I was definitely a musician first, although I had no concept of course as to what “art” was, and still don’t understand it fully.  I suppose anyone who tells you they do is deluded.  I just know that it made me feel really good, for lack of a better word, when I could repeat the notes I heard on that little plastic guitar in my lap.  Others seemed to think it something unusual, being able to parrot the notes, but for me it was as natural as breathing.

Still is. It was much later that I tried to work out my own music, though, around age 13. It was about the same time that I began formulating phrases for the music, the images and the rhythms for the lyrics, and as they fit together it was like “wow, this is cool!”  It also made me feel special about myself, knowing myself a little better.  As I learned more chords on the guitar, I would write more songs with the new chords, and the music would need words, so they came, too.  On the side I began writing words independently of melody, although I feel poetry has a definite melody in my head and when I speak it, though it may not be always obvious to the reader / listener. That began my life as a poet.

My first notion that I had some connection with “art” was when I was a kid and got a plastic guitar for Christmas.

I had no musical knowledge, but I found myself repeating tunes that I’d heard on that plastic guitar, laying it on my lap. After that, it was relatively short time before I had taught myself to play a real (cheap!) guitar, and was writing poetry and songs when I was 13.

Were the words you were writing at the age of 13 more poems or was each intended to be lyrics for a song?

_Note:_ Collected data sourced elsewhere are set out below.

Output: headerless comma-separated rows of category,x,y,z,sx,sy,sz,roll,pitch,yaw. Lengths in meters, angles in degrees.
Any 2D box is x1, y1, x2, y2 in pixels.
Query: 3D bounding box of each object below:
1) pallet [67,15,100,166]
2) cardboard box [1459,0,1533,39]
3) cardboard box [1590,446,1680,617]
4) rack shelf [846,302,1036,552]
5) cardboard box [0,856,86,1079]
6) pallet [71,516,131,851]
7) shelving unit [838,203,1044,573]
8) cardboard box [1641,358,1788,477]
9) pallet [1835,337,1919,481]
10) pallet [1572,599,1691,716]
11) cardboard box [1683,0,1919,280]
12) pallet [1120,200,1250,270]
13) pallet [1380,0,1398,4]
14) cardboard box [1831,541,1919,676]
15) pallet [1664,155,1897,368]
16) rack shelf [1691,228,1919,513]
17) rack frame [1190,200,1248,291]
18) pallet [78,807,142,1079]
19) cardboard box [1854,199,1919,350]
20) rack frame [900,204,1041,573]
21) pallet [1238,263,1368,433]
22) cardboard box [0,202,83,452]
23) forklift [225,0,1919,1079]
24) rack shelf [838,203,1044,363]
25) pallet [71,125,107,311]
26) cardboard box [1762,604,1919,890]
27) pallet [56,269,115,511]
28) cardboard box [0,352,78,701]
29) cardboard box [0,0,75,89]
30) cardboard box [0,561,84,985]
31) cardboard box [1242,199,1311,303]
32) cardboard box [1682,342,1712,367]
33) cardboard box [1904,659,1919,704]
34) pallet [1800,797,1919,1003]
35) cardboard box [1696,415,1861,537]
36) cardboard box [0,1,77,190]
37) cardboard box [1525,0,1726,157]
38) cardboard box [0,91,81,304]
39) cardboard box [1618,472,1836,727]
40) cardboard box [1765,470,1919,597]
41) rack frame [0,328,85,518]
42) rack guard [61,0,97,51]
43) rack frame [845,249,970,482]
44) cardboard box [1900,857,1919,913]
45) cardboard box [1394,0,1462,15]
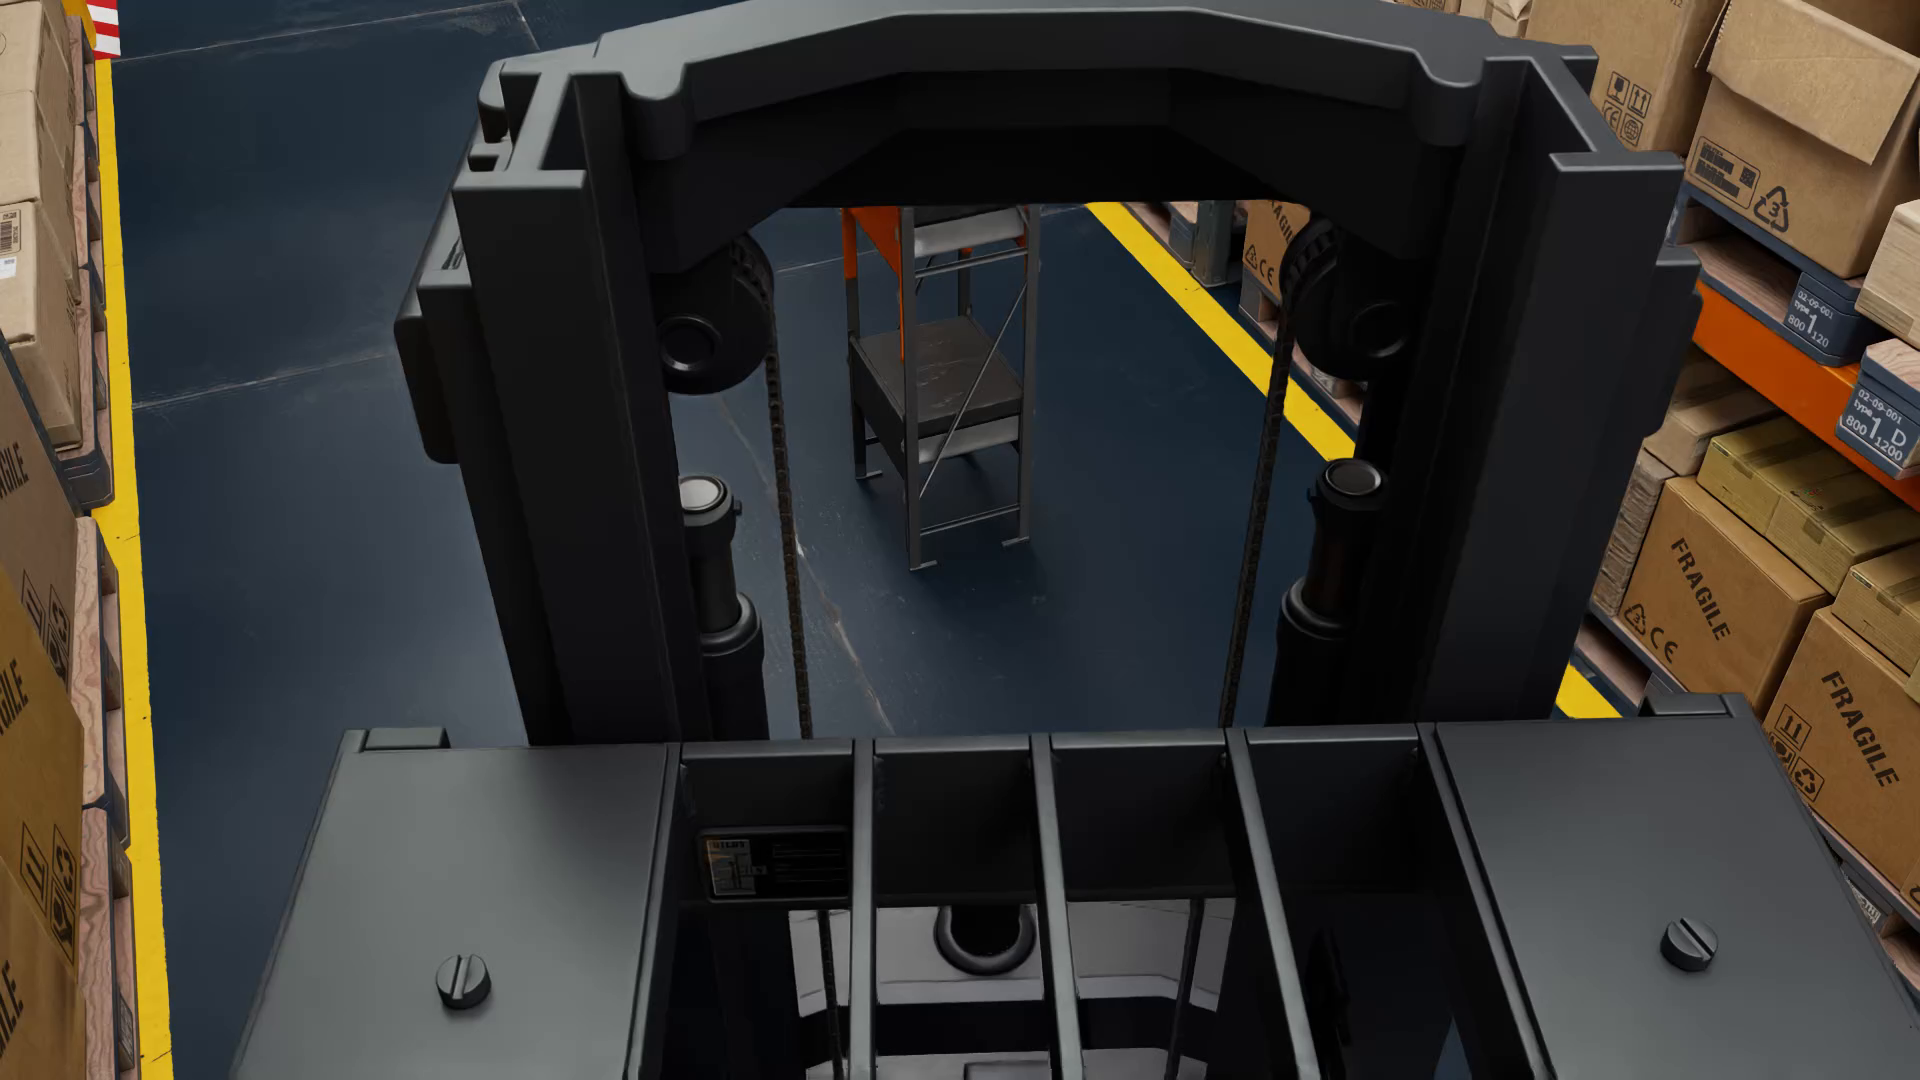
pallet,-4.359,-1.903,7.301,1.003,0.211,1.213,-15,43,-17
cardboard box,1.555,-1.429,4.392,0.396,0.266,0.258,-13,42,-15
cardboard box,1.948,-0.183,4.758,0.500,0.500,0.500,-17,43,-18
rack shelf,-0.063,-0.355,5.147,0.431,0.518,0.480,-15,43,-17
cardboard box,-2.201,1.068,3.015,0.875,0.875,0.875,-15,43,-16
pallet,-2.842,0.490,4.518,1.003,0.211,1.213,-15,43,-17
shelving unit,-0.063,-0.896,4.681,0.431,2.100,0.503,-15,43,-17
cardboard box,2.004,-0.341,4.444,0.380,0.149,0.250,-17,44,-19
pallet,2.584,-0.162,3.285,1.213,0.211,1.003,-15,43,-17
pallet,2.195,0.021,5.064,1.003,0.211,1.213,-15,43,-17
cardboard box,2.113,-0.979,3.687,0.797,0.503,0.637,-16,43,-18
pallet,1.116,-1.610,6.960,1.003,0.211,1.213,-15,43,-17
pallet,1.583,-1.672,5.041,1.003,0.211,1.213,-15,43,-17
cardboard box,2.292,0.138,3.886,0.380,0.149,0.250,-16,43,-18
pallet,2.160,-0.941,4.191,1.003,0.211,1.213,-15,43,-17
rack shelf,2.143,-0.776,4.403,1.077,0.370,4.000,-15,43,-17
rack frame,1.378,-2.253,5.570,1.000,3.000,0.127,-15,43,-17
pallet,-2.371,1.227,3.662,1.003,0.211,1.213,-15,43,-17
cardboard box,2.206,-0.501,3.325,0.500,0.250,0.500,-17,44,-19
rack frame,0.030,-0.749,4.510,0.400,2.100,0.015,-15,43,-17
pallet,1.724,-0.715,5.920,1.003,0.211,1.213,-15,43,-17
cardboard box,-3.348,-0.606,5.297,0.875,0.438,0.875,-16,43,-17
forklift,0.082,1.108,1.713,1.130,2.935,3.031,-1,41,-2
rack shelf,-0.063,-0.885,4.690,0.431,0.518,0.480,-15,43,-17
pallet,-3.896,-1.169,6.448,1.003,0.211,1.213,-15,43,-17
cardboard box,2.366,0.440,4.033,0.500,0.500,0.500,-16,43,-17
pallet,-3.425,-0.433,5.592,1.003,0.211,1.213,-15,43,-17
cardboard box,-2.895,-0.013,4.272,0.875,0.875,0.875,-14,43,-16
cardboard box,-4.392,-2.238,7.194,0.875,0.438,0.875,-17,43,-18
cardboard box,-2.543,0.529,3.641,0.875,0.875,0.875,-14,43,-16
cardboard box,1.355,-1.117,5.844,0.500,0.500,0.500,-13,42,-15
cardboard box,1.957,-0.502,4.631,0.380,0.149,0.250,-15,43,-17
cardboard box,2.352,0.308,3.689,0.380,0.149,0.250,-17,44,-19
pallet,2.658,0.754,4.211,1.003,0.211,1.213,-15,43,-17
cardboard box,2.137,-0.182,4.259,0.380,0.149,0.250,-16,43,-17
cardboard box,-4.034,-1.688,6.556,0.875,0.438,0.875,-14,43,-16
cardboard box,1.855,-1.319,4.084,0.700,0.500,0.500,-15,43,-17
cardboard box,-3.691,-1.145,5.924,0.875,0.438,0.875,-16,43,-18
cardboard box,2.164,0.125,4.399,0.500,0.500,0.500,-13,42,-15
cardboard box,2.233,-0.032,4.084,0.380,0.149,0.250,-14,43,-16
rack frame,-3.207,-1.013,4.127,1.000,3.000,0.127,-15,43,-17
rack guard,-4.746,-2.489,7.761,1.175,0.500,0.348,-15,43,-17
rack frame,-0.157,-1.043,4.852,0.400,2.100,0.015,-15,43,-17
cardboard box,2.548,0.744,3.680,0.500,0.500,0.500,-14,43,-16
cardboard box,1.555,-1.791,4.634,0.700,0.500,0.500,-15,43,-16

They were lyrics for the songs, but there were other words that I wrote that were songs without music per se.  Now I don’t know where one ends and the other begins, so to speak, but I really don’t think in those terms anymore.  Whatever happens on the page is there for some kind of reason, some message that I am sending myself, or even someone else, I don’t know.  I am a deeply spiritual person, so it may sound as if I have some high-minded purpose in all of this.  But if there is a purpose, I haven’t grasped it yet. That’s the journey, isn’t it?

You spent some time in London where you learned a lot about music, especially the punk scene, even started your own band, PREFACE, which went on to release two singles.  You label your band “operatic” punk.  What do you mean by operatic?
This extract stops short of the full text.